Give the count of lines in the data that include "Answer", with no other words.

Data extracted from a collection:
^^^^

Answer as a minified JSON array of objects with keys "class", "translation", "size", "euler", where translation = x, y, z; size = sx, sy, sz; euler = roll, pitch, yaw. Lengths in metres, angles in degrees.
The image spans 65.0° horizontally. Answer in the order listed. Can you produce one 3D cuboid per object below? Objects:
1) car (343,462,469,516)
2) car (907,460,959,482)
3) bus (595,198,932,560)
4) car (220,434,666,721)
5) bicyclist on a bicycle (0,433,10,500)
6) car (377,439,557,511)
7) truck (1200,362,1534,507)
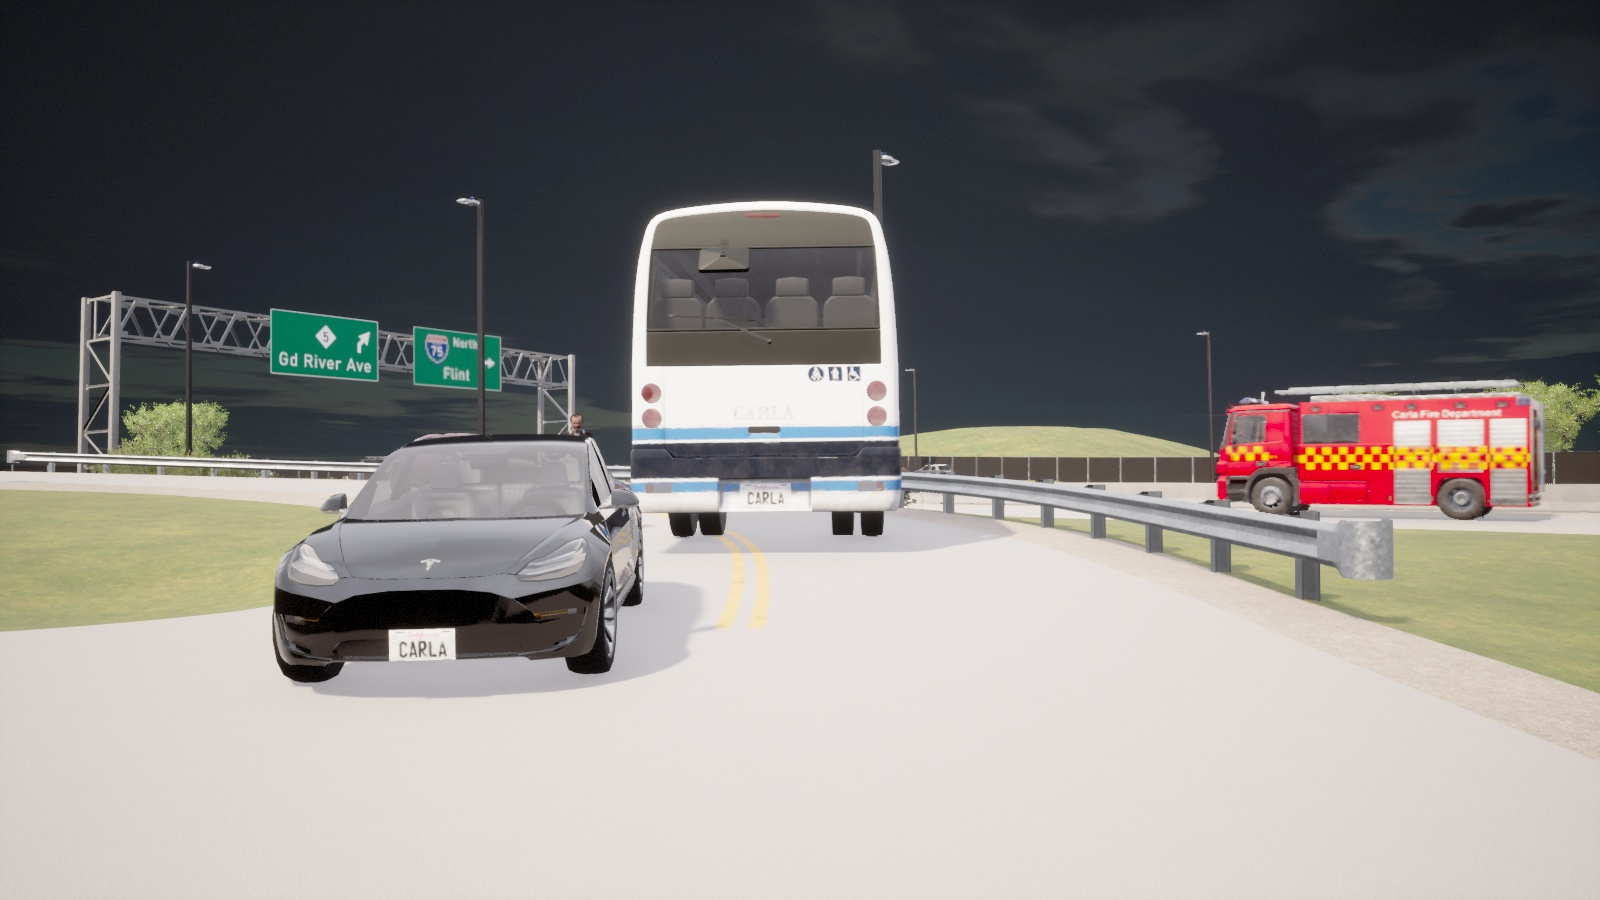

^^^^

Completed exercise: 2